Drug Testing In Schools – Take A Stand
Adapted from lesson written by Street Law, Inc. by the Institute for Citizen Education in the Law, Seattle, WA. Staff at the Washington State Administrative Office of the Courts (AOC) updated the lesson in 2012. For more information, contact AOC Court Services, 1206 Quince Street SE, PO Box 41170, Olympia, WA 98504-1170. For an electronic copy of this lesson, or to view other lesson plans, visit Educational Resources on the Washington Courts Web site at: www.courts.wa.gov/education/.
One class period (approximately 50 minutes)
As students describe their positions, fill in the positions along the line with more descriptive words. For example:
In York v. Wahkiakum School Dist. No. 200, 178 P.3d 995 (2008), the Washington Supreme Court ruled that suspicionless drug testing of students in extra-curricular activities without evidence of wrong-doing violates the Washington State Constitution.
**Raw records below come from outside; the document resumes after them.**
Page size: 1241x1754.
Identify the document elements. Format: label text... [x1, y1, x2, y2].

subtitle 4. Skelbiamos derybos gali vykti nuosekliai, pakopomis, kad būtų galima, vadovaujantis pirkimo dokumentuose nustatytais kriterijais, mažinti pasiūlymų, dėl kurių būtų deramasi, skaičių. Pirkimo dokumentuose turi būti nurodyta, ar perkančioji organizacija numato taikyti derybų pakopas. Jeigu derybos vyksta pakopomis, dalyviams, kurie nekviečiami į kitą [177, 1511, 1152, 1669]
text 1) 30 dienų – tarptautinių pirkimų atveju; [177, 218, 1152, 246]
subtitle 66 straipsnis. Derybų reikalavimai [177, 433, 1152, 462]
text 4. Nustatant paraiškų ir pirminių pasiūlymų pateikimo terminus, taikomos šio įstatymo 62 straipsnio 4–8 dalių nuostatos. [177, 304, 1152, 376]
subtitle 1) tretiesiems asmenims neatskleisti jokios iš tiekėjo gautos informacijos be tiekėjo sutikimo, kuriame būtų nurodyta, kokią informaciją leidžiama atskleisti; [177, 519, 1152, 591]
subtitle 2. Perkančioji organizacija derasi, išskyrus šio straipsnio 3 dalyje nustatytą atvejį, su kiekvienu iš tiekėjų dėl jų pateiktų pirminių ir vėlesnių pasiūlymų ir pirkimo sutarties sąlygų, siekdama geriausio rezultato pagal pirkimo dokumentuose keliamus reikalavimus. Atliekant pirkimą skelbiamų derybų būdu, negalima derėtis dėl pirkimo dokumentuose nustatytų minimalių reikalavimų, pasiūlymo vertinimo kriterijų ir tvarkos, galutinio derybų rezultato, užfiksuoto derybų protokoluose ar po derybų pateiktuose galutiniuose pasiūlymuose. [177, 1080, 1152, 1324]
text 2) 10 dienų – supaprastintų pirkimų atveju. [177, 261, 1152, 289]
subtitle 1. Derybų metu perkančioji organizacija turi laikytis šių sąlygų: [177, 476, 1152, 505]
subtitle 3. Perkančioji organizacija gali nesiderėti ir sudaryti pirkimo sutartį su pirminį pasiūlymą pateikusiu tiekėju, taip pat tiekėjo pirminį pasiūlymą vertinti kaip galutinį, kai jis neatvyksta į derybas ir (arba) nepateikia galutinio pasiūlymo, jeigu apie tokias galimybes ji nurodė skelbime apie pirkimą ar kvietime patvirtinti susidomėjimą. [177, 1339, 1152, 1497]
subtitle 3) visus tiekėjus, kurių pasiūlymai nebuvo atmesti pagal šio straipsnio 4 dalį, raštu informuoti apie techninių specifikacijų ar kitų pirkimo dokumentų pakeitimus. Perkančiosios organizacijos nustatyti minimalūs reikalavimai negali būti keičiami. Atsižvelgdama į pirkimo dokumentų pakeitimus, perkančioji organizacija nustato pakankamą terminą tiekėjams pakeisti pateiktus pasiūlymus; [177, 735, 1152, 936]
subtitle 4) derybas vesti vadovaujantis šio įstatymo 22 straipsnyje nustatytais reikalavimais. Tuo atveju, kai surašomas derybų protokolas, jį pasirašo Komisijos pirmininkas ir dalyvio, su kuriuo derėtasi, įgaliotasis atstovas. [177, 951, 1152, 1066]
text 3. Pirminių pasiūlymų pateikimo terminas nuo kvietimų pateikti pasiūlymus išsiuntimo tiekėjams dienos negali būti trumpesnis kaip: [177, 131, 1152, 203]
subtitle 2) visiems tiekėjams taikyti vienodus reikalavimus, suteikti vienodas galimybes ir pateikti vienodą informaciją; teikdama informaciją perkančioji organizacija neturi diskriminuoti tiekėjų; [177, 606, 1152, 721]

The outcome is different for students living in other states, since the U.S. Supreme Court decided in Board of Education of Independent School Dist. No. 92 v. Earls, 122 S.Ct. 2559 (2002), that the U.S. Constitution permits a school to require all middle and high school students to consent to urinalysis drug testing in order to participate in any extracurriculuar activity.
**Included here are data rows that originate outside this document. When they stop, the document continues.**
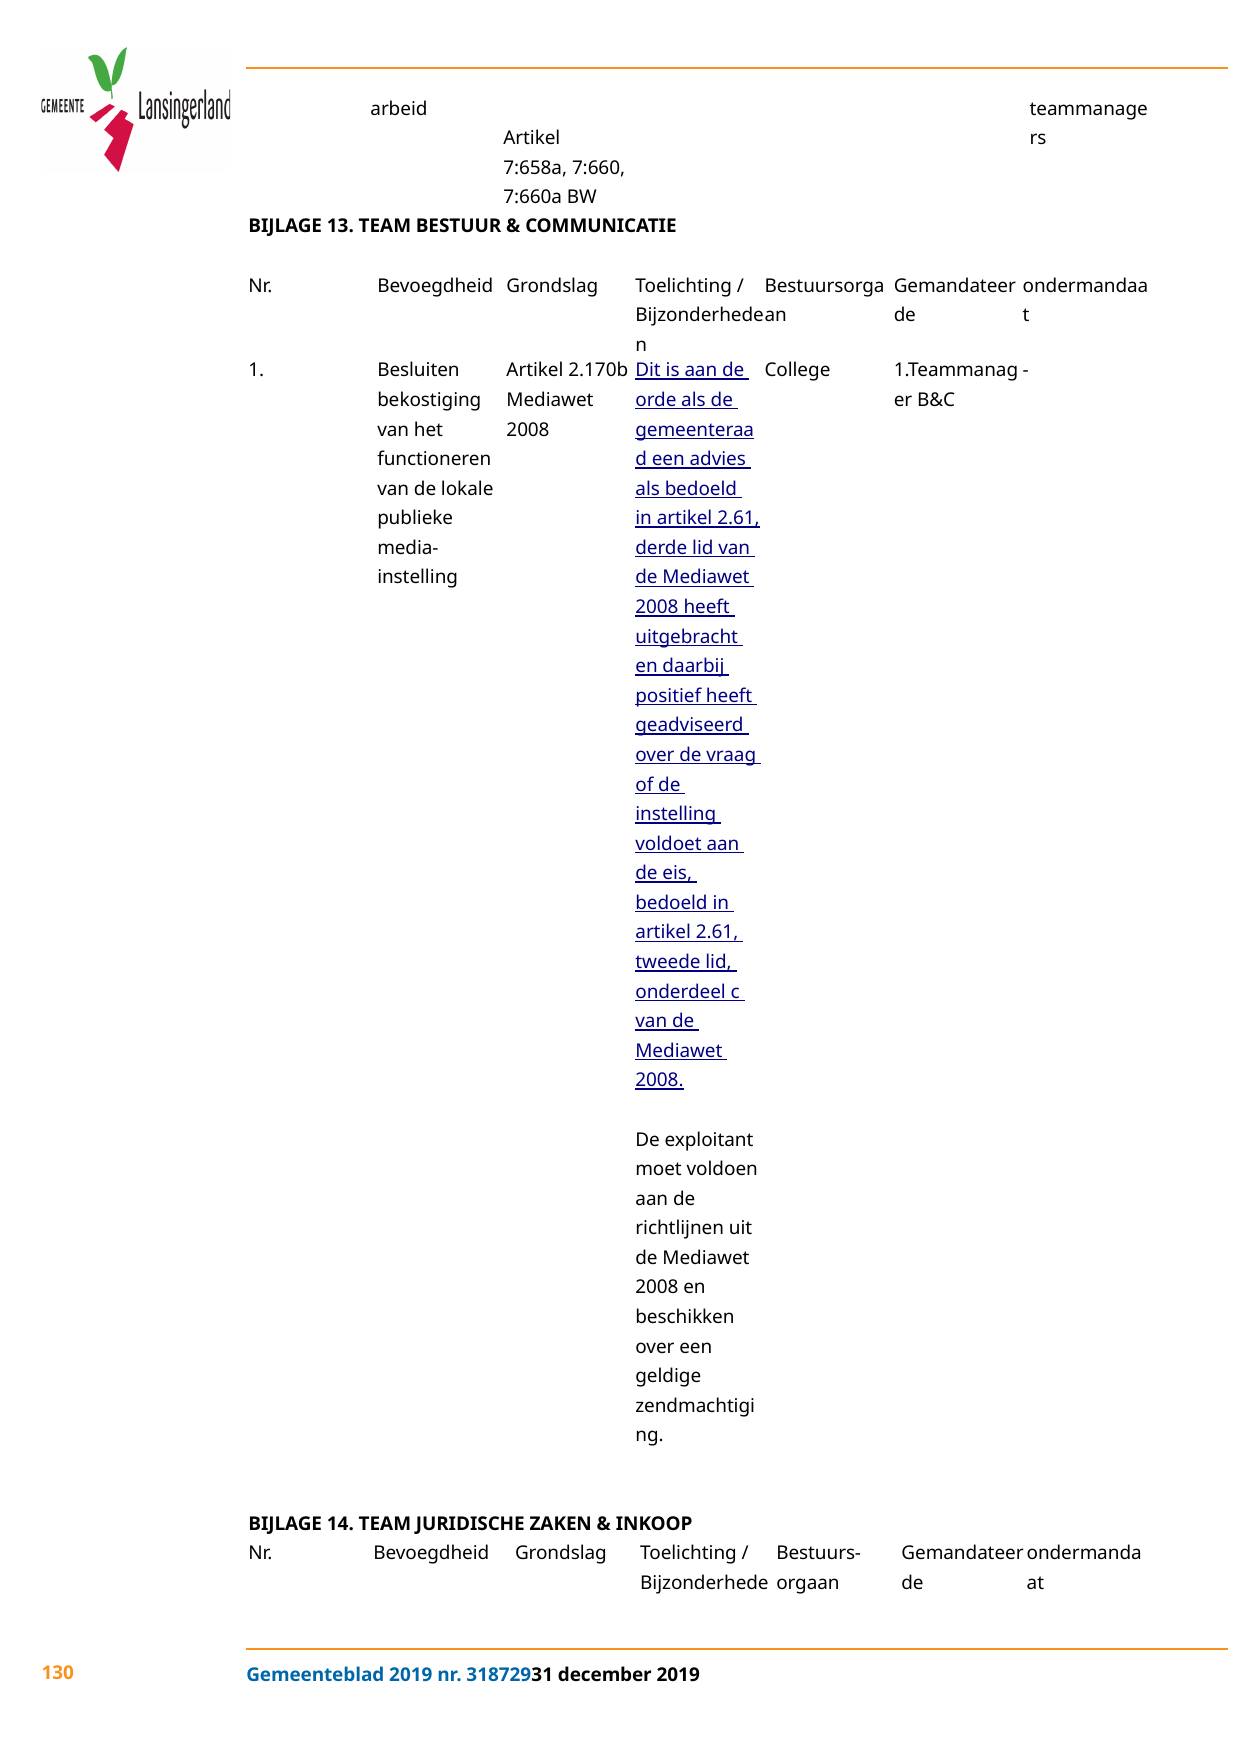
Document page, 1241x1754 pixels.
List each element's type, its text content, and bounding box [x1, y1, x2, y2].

table_header ondermandaat [1026, 1540, 1152, 1595]
table_header Bevoegdheid [373, 1540, 515, 1595]
table_header Toelichting / Bijzonderheden [635, 272, 764, 357]
text BIJLAGE 13. TEAM BESTUUR & COMMUNICATIE [248, 212, 1152, 238]
table_cell College [764, 357, 893, 1477]
table_cell - [1023, 357, 1152, 1477]
table_header Grondslag [515, 1540, 640, 1595]
text BIJLAGE 14. TEAM JURIDISCHE ZAKEN & INKOOP [248, 1510, 1152, 1536]
table_header Bevoegdheid [377, 272, 506, 357]
table_header Toelichting / Bijzonderhede [640, 1540, 776, 1595]
table_header Gemandateerde [894, 272, 1022, 357]
table_header Gemandateerde [901, 1540, 1026, 1595]
table_cell [907, 95, 1029, 209]
table_cell Besluiten bekostiging van het functioneren van de lokale publieke media-instelling [377, 357, 506, 1477]
table_cell teammanagers [1029, 95, 1152, 209]
table_cell Artikel 7:658a, 7:660, 7:660a BW [503, 95, 625, 209]
picture [41, 47, 231, 172]
table_header Grondslag [506, 272, 635, 357]
table_cell arbeid [370, 95, 503, 209]
table_header Nr. [248, 272, 377, 357]
table_cell [785, 95, 907, 209]
table_header Nr. [248, 1540, 373, 1595]
table_header ondermandaat [1023, 272, 1152, 357]
table_cell 1. [248, 357, 377, 1477]
table_cell Artikel 2.170b Mediawet 2008 [506, 357, 635, 1477]
table_cell [248, 95, 370, 209]
table_header Bestuurs-orgaan [776, 1540, 901, 1595]
table_cell Dit is aan de orde als de gemeenteraad een advies als bedoeld in artikel 2.61, derde lid van de Mediawet 2008 heeft uitgebracht en daarbij positief heeft geadviseerd over de vraag of de instelling voldoet aan de eis, bedoeld in artikel 2.61, tweede lid, onderdeel c van de Mediawet 2008. De exploitant moet voldoen aan de richtlijnen uit de Mediawet 2008 en beschikken over een geldige zendmachtiging. [635, 357, 764, 1477]
table_header Bestuursorgaan [764, 272, 893, 357]
table_cell 1.Teammanager B&C [894, 357, 1022, 1477]
table_cell [625, 95, 785, 209]

The US Supreme Court expanded the Vernonia ruling which permitted school policies that required student athletes to consent to drug testing prior to playing on a school team. Vernonia v. Acton, 515 U.S. 646 (1995). In the Vernonia case, James Acton, who was a seventh grader during the 1991-92 school year, applied to be on football team. He was given a drug-test consent form for him and his parents to sign. This was done for every student trying out for sports. No one suspected James of using drugs. He and his parents refused to sign the form, and he was then suspended from interscholastic athletics. The Actons sued the school district. However, the Supreme Court ruled against the Actons, stating that students have a reduced expectation of privacy and should expect intrusions on their normal rights and privileges when they choose to participate in high school athletics. The Court used a balancing test. It weighed the students' privacy interests against the interests of the school district in providing a drug-free environment. The Court also pointed out the athletes regularly change clothes in front of each other and can expect to have less privacy. Because the Actons had also claimed that the drug testing violated the Oregon constitution, the U.S. Supreme Court sent the case back to the circuit court to decide whether the testing program violates the search and seizure protections of the Oregon constitution.
Ask students which decision they agree with and why. They may be interested to know why the Washington State Constitution can grant greater constitutional rights than the U.S. Supreme Court. Remind students that the U.S. Constitution sets the minimum and states are free to provide greater rights, as Washington State did in this area.